A novel method for the isolation of DNA from intracellular bacteria, suitable for genomic studies

We present a protocol for the preparation of DNA suitable for genomic studies, starting from uncultured intracellular bacteria. The study was conducted on Midichloria mitochondrii, the intramitochondrial symbiont of the tick Ixodes ricinus. Single oocytes, which carry a high load of symbionts, were microdissected from the ovary of a semi-engorged tick specimen.
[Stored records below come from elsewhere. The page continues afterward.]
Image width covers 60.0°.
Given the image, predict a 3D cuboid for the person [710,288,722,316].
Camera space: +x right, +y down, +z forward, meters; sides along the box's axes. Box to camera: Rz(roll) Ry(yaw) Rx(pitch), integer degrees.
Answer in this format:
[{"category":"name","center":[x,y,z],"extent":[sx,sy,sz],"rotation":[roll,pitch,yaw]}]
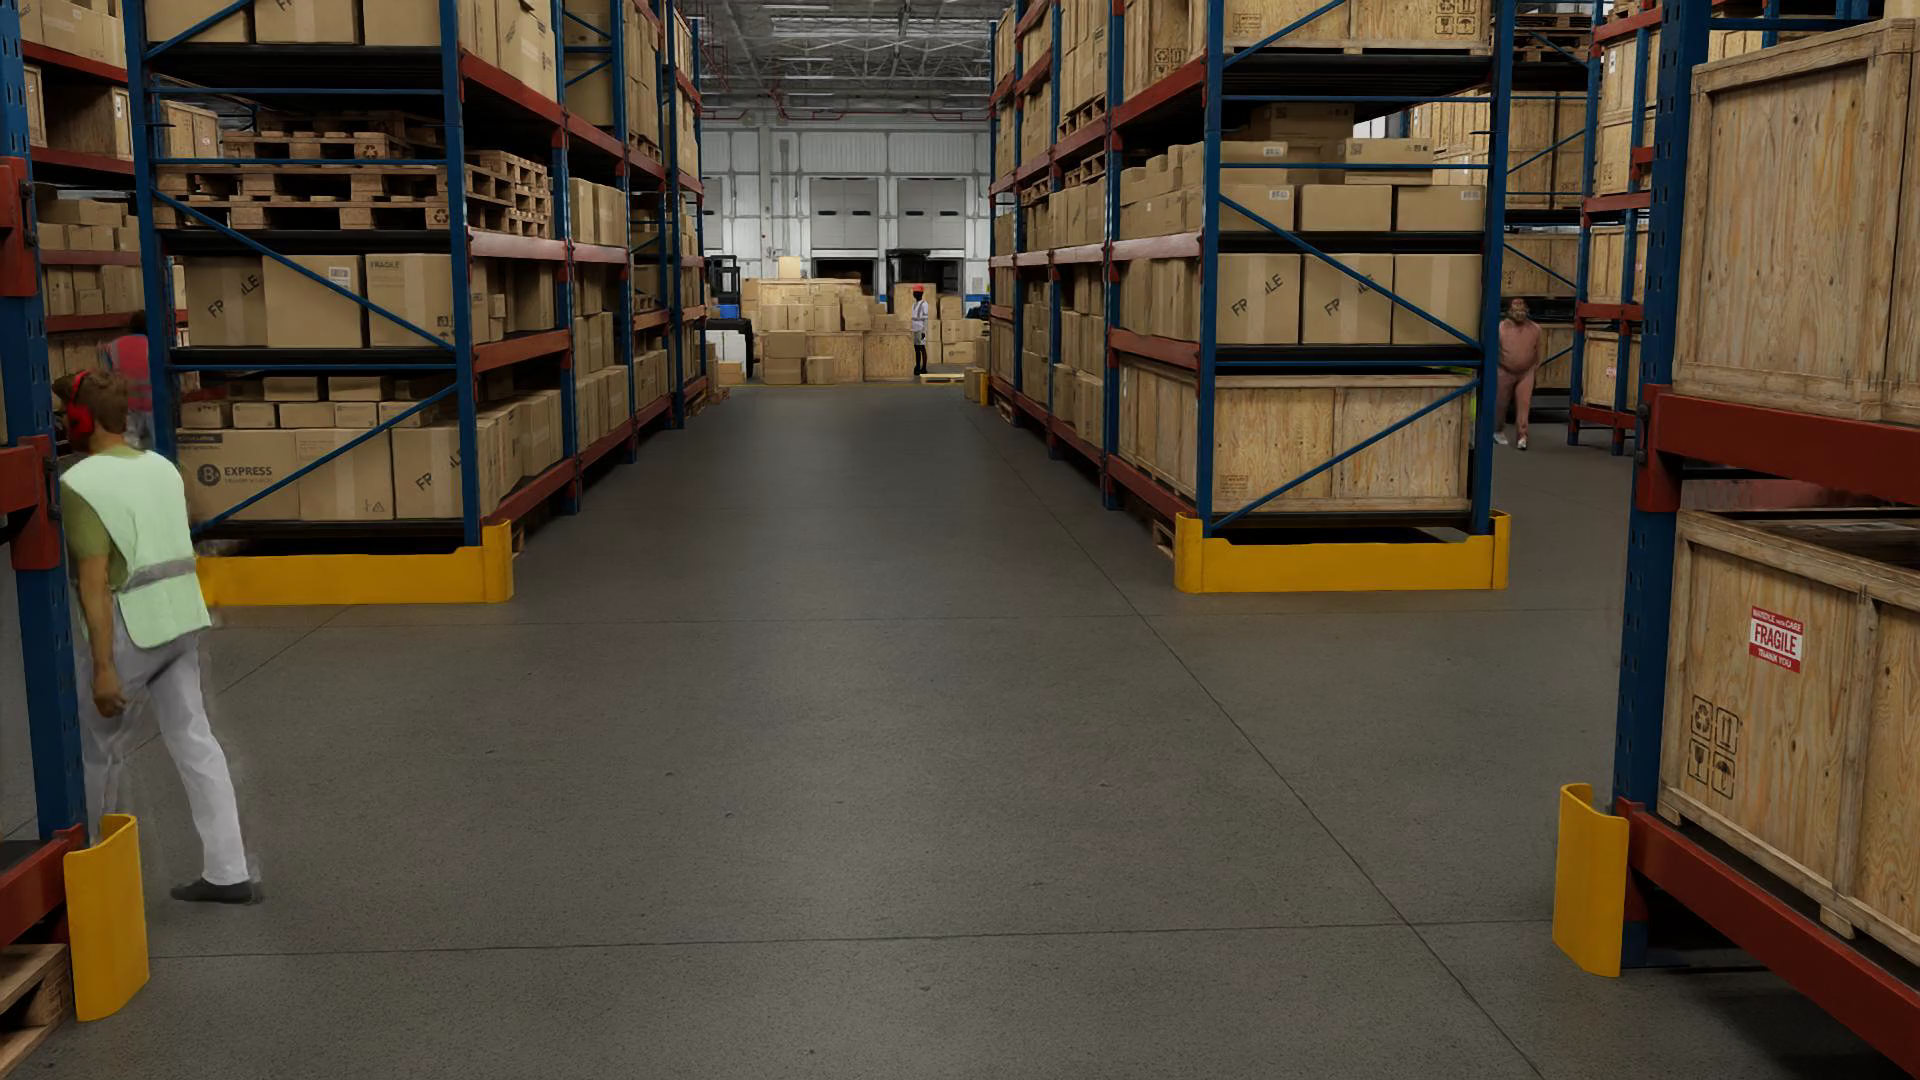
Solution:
[{"category":"person","center":[-8.269,-7.700,56.488],"extent":[0.805,1.662,0.542],"rotation":[3,10,19]}]

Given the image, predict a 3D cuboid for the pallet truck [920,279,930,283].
[{"category":"pallet truck","center":[-0.932,-8.922,63.114],"extent":[1.885,1.965,0.823],"rotation":[2,9,13]}]

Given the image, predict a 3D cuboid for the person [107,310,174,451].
[{"category":"person","center":[-7.723,-1.272,15.765],"extent":[0.623,1.790,0.997],"rotation":[-1,9,-4]}]

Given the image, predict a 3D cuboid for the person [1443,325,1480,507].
[{"category":"person","center":[4.551,-1.091,14.904],"extent":[0.320,1.692,0.529],"rotation":[-6,11,-35]}]

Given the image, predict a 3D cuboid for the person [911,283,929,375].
[{"category":"person","center":[-0.882,-4.463,35.290],"extent":[0.351,1.942,0.547],"rotation":[-6,11,-31]}]

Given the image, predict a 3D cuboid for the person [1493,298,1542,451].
[{"category":"person","center":[6.793,-2.044,20.443],"extent":[0.649,1.847,1.054],"rotation":[1,9,7]}]

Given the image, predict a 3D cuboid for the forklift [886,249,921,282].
[{"category":"forklift","center":[-1.537,-6.556,45.497],"extent":[1.129,2.768,1.873],"rotation":[-2,9,-13]}]

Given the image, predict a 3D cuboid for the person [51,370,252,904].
[{"category":"person","center":[-2.821,0.348,5.512],"extent":[0.902,1.799,0.617],"rotation":[2,9,10]}]

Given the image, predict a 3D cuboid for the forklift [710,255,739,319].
[{"category":"forklift","center":[-8.368,-8.713,59.038],"extent":[1.129,2.768,1.873],"rotation":[-1,9,-4]}]

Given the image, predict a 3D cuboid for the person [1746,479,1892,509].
[{"category":"person","center":[3.047,0.270,5.835],"extent":[0.993,1.849,0.667],"rotation":[-2,9,-11]}]

After short incubation of oocytes in hypotonic medium, the cytoplasm that extruded from the cells was collected and used as template for multiple displacement amplification (MDA). Eight MDA preparations were examined with real-time PCR, targeted on seven loci of M. mitochondrii (to assess the uniformity of the genome amplification) and on four loci of I. ricinus (to select DNA preparations showing minimal presence of host DNA). The two MDA products that presented minimal biases in terms of symbiont genes and minimal host-DNA presence were pooled and cloned in a plasmid library. Fifty clones were then sequenced. Only 6% of the sequences were of arthropod origin, while the vast majority could be inferred to have originated from M. mitochondrii. In summary, the developed protocol allowed us to generate micrograms of symbiont DNA, with minimal biases in genome representation and minimal presence of host DNA.